WHAT TO DO: Line by line, copy out the data below exactly.

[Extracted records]
-*-

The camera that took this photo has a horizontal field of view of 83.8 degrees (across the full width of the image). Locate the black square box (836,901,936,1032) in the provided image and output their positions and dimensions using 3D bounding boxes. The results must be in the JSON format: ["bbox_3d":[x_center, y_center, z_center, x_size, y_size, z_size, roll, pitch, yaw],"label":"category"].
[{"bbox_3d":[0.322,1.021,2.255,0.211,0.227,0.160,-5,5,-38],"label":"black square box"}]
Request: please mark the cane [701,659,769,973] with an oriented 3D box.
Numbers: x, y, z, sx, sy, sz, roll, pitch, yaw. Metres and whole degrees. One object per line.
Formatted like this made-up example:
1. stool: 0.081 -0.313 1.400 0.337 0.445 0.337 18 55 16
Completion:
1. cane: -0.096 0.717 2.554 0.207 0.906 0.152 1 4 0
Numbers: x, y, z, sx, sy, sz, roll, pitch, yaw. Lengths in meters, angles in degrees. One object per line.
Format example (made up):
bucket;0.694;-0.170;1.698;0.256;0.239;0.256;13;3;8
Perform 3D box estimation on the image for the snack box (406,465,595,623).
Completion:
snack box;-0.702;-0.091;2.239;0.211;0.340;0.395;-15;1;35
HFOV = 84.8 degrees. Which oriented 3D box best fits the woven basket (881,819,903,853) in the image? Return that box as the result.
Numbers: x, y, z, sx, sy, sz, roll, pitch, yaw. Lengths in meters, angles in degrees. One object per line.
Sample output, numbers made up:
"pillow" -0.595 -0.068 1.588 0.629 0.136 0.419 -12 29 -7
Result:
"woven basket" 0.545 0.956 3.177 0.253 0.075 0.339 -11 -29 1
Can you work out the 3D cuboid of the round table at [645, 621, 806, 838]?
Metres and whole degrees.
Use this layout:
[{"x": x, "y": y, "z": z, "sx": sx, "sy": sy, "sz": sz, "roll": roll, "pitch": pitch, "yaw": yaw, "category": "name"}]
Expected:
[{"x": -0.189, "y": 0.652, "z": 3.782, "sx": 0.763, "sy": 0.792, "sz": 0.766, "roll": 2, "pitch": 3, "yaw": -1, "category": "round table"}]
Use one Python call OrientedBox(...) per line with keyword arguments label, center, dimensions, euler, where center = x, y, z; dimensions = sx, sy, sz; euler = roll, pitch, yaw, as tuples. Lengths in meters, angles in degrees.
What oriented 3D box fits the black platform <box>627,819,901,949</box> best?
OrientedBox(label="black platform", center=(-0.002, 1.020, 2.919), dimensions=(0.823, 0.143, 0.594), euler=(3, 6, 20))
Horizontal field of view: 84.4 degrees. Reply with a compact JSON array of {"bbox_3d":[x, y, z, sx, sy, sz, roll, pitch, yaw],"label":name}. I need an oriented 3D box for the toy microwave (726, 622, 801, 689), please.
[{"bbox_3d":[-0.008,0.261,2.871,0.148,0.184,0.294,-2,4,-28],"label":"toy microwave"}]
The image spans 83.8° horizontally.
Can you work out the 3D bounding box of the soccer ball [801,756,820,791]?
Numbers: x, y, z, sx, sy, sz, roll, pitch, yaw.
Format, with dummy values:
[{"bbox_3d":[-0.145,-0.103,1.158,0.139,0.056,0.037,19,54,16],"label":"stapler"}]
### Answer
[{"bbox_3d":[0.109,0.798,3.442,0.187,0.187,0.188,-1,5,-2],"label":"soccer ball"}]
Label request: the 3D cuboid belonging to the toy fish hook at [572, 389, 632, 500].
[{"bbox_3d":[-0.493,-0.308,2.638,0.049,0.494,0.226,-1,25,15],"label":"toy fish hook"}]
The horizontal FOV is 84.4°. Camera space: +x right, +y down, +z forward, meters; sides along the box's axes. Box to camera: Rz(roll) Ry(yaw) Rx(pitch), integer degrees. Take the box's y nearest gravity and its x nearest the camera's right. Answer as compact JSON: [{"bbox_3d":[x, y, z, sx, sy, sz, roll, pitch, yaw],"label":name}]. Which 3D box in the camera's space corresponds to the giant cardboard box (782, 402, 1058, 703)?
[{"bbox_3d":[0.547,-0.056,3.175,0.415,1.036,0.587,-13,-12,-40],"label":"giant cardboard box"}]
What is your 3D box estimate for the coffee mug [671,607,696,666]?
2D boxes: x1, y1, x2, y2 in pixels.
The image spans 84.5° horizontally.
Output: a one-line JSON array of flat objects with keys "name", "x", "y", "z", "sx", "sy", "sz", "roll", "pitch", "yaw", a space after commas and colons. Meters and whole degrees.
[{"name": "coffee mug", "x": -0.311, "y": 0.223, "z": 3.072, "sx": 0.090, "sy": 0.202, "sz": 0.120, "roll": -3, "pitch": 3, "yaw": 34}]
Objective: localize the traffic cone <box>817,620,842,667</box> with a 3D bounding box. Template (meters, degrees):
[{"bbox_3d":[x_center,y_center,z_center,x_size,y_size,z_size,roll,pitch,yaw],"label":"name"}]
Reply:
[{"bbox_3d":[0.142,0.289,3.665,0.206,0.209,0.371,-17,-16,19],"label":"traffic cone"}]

-*-

OUTPUT BELOW:
The camera that took this photo has a horizontal field of view of 83.8 degrees (across the full width of the image). Locate the black square box (836,901,936,1032) in the provided image and output their positions and dimensions using 3D bounding boxes. The results must be in the JSON format: ["bbox_3d":[x_center, y_center, z_center, x_size, y_size, z_size, roll, pitch, yaw],"label":"category"].
[{"bbox_3d":[0.322,1.021,2.255,0.211,0.227,0.160,-5,5,-38],"label":"black square box"}]
Request: please mark the cane [701,659,769,973] with an oriented 3D box.
Numbers: x, y, z, sx, sy, sz, roll, pitch, yaw. Metres and whole degrees. One object per line.
Formatted like this made-up example:
1. stool: 0.081 -0.313 1.400 0.337 0.445 0.337 18 55 16
Completion:
1. cane: -0.096 0.717 2.554 0.207 0.906 0.152 1 4 0
Numbers: x, y, z, sx, sy, sz, roll, pitch, yaw. Lengths in meters, angles in degrees. One object per line.
Format example (made up):
bucket;0.694;-0.170;1.698;0.256;0.239;0.256;13;3;8
Perform 3D box estimation on the image for the snack box (406,465,595,623).
Completion:
snack box;-0.702;-0.091;2.239;0.211;0.340;0.395;-15;1;35
HFOV = 84.8 degrees. Which oriented 3D box best fits the woven basket (881,819,903,853) in the image? Return that box as the result.
Numbers: x, y, z, sx, sy, sz, roll, pitch, yaw. Lengths in meters, angles in degrees. One object per line.
Sample output, numbers made up:
"pillow" -0.595 -0.068 1.588 0.629 0.136 0.419 -12 29 -7
Result:
"woven basket" 0.545 0.956 3.177 0.253 0.075 0.339 -11 -29 1
Can you work out the 3D cuboid of the round table at [645, 621, 806, 838]?
Metres and whole degrees.
Use this layout:
[{"x": x, "y": y, "z": z, "sx": sx, "sy": sy, "sz": sz, "roll": roll, "pitch": pitch, "yaw": yaw, "category": "name"}]
Expected:
[{"x": -0.189, "y": 0.652, "z": 3.782, "sx": 0.763, "sy": 0.792, "sz": 0.766, "roll": 2, "pitch": 3, "yaw": -1, "category": "round table"}]
Use one Python call OrientedBox(...) per line with keyword arguments label, center, dimensions, euler, where center = x, y, z; dimensions = sx, sy, sz; euler = roll, pitch, yaw, as tuples. Lengths in meters, angles in degrees.
What oriented 3D box fits the black platform <box>627,819,901,949</box> best?
OrientedBox(label="black platform", center=(-0.002, 1.020, 2.919), dimensions=(0.823, 0.143, 0.594), euler=(3, 6, 20))
Horizontal field of view: 84.4 degrees. Reply with a compact JSON array of {"bbox_3d":[x, y, z, sx, sy, sz, roll, pitch, yaw],"label":name}. I need an oriented 3D box for the toy microwave (726, 622, 801, 689), please.
[{"bbox_3d":[-0.008,0.261,2.871,0.148,0.184,0.294,-2,4,-28],"label":"toy microwave"}]
The image spans 83.8° horizontally.
Can you work out the 3D bounding box of the soccer ball [801,756,820,791]?
Numbers: x, y, z, sx, sy, sz, roll, pitch, yaw.
Format, with dummy values:
[{"bbox_3d":[-0.145,-0.103,1.158,0.139,0.056,0.037,19,54,16],"label":"stapler"}]
### Answer
[{"bbox_3d":[0.109,0.798,3.442,0.187,0.187,0.188,-1,5,-2],"label":"soccer ball"}]
Label request: the 3D cuboid belonging to the toy fish hook at [572, 389, 632, 500].
[{"bbox_3d":[-0.493,-0.308,2.638,0.049,0.494,0.226,-1,25,15],"label":"toy fish hook"}]
The horizontal FOV is 84.4°. Camera space: +x right, +y down, +z forward, meters; sides along the box's axes. Box to camera: Rz(roll) Ry(yaw) Rx(pitch), integer degrees. Take the box's y nearest gravity and its x nearest the camera's right. Answer as compact JSON: [{"bbox_3d":[x, y, z, sx, sy, sz, roll, pitch, yaw],"label":name}]. Which 3D box in the camera's space corresponds to the giant cardboard box (782, 402, 1058, 703)?
[{"bbox_3d":[0.547,-0.056,3.175,0.415,1.036,0.587,-13,-12,-40],"label":"giant cardboard box"}]
What is your 3D box estimate for the coffee mug [671,607,696,666]?
2D boxes: x1, y1, x2, y2 in pixels.
The image spans 84.5° horizontally.
Output: a one-line JSON array of flat objects with keys "name", "x", "y", "z", "sx", "sy", "sz", "roll", "pitch", "yaw", a space after commas and colons. Meters and whole degrees.
[{"name": "coffee mug", "x": -0.311, "y": 0.223, "z": 3.072, "sx": 0.090, "sy": 0.202, "sz": 0.120, "roll": -3, "pitch": 3, "yaw": 34}]
Objective: localize the traffic cone <box>817,620,842,667</box> with a 3D bounding box. Template (meters, degrees):
[{"bbox_3d":[x_center,y_center,z_center,x_size,y_size,z_size,roll,pitch,yaw],"label":"name"}]
Reply:
[{"bbox_3d":[0.142,0.289,3.665,0.206,0.209,0.371,-17,-16,19],"label":"traffic cone"}]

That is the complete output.